**Activity:**
In the records below, find the line with "913x1316 pixels." and repeat it and every line after it, exactly, without any pictures.

****************

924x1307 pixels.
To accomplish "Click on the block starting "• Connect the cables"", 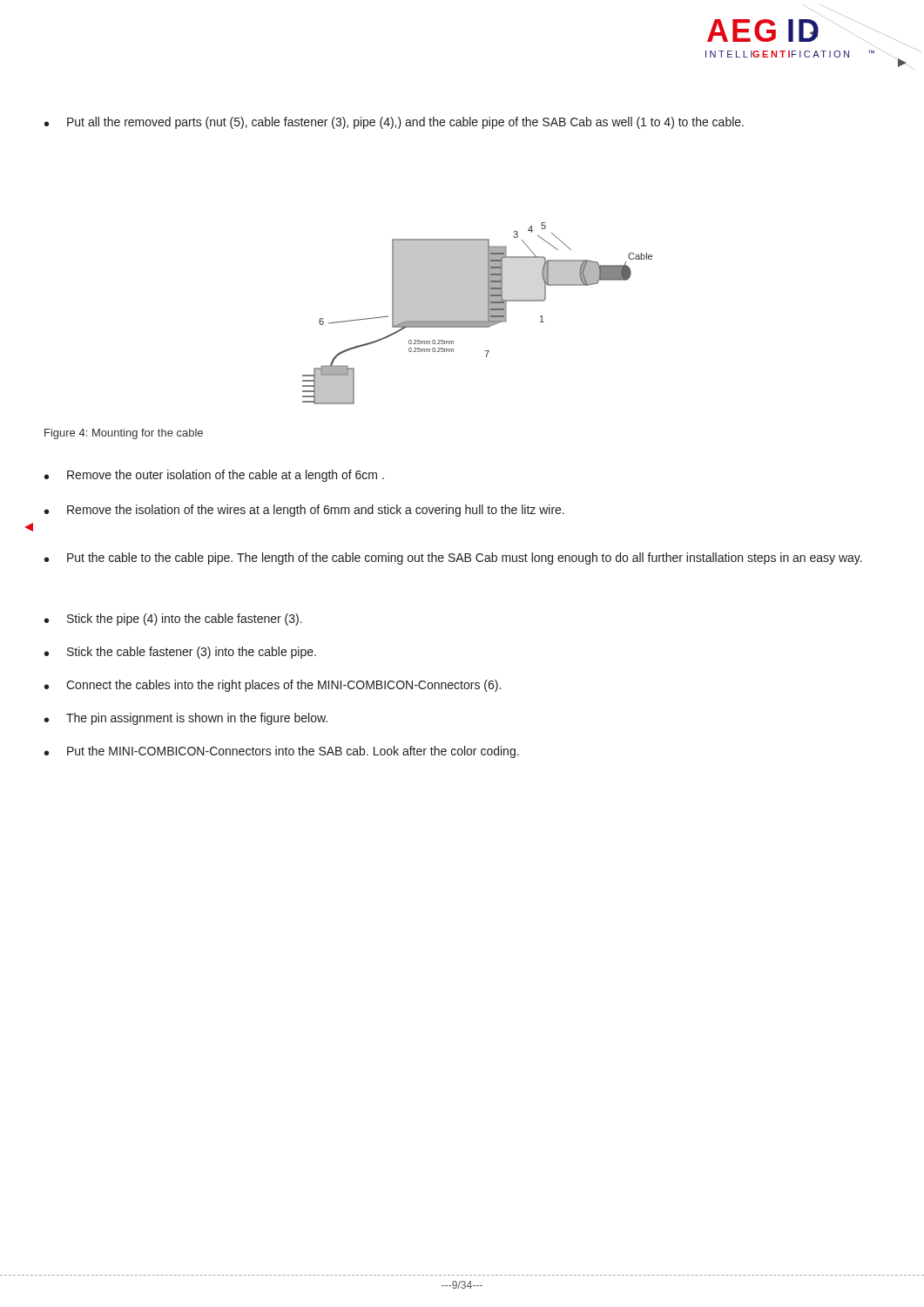I will click(x=273, y=688).
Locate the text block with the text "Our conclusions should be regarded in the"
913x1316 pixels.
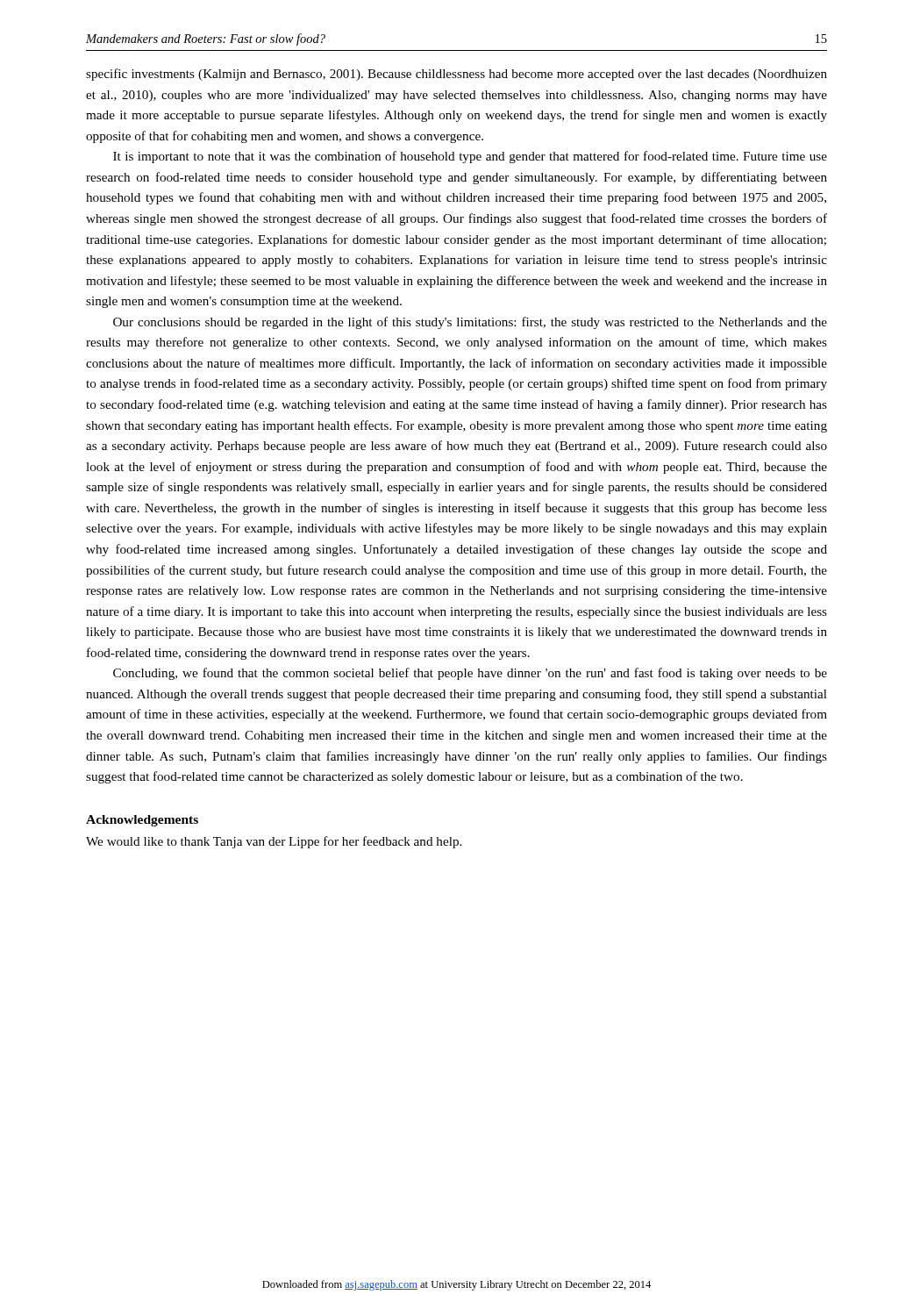(456, 487)
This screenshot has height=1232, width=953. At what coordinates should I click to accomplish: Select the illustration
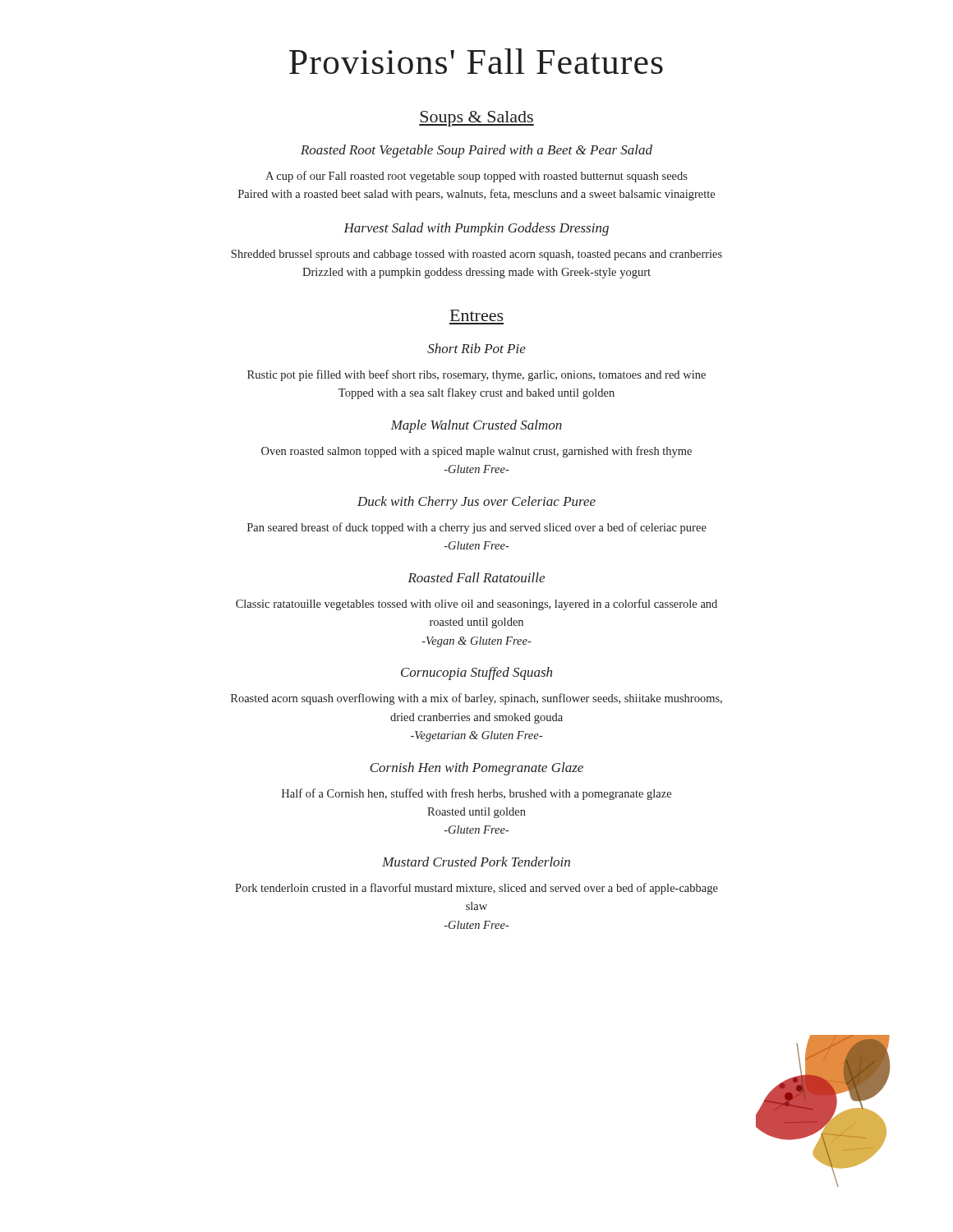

****************

**Exercise solution:**
913x1316 pixels.
(456, 487)
This screenshot has height=1232, width=953. At what coordinates should I click to accomplish: Select the illustration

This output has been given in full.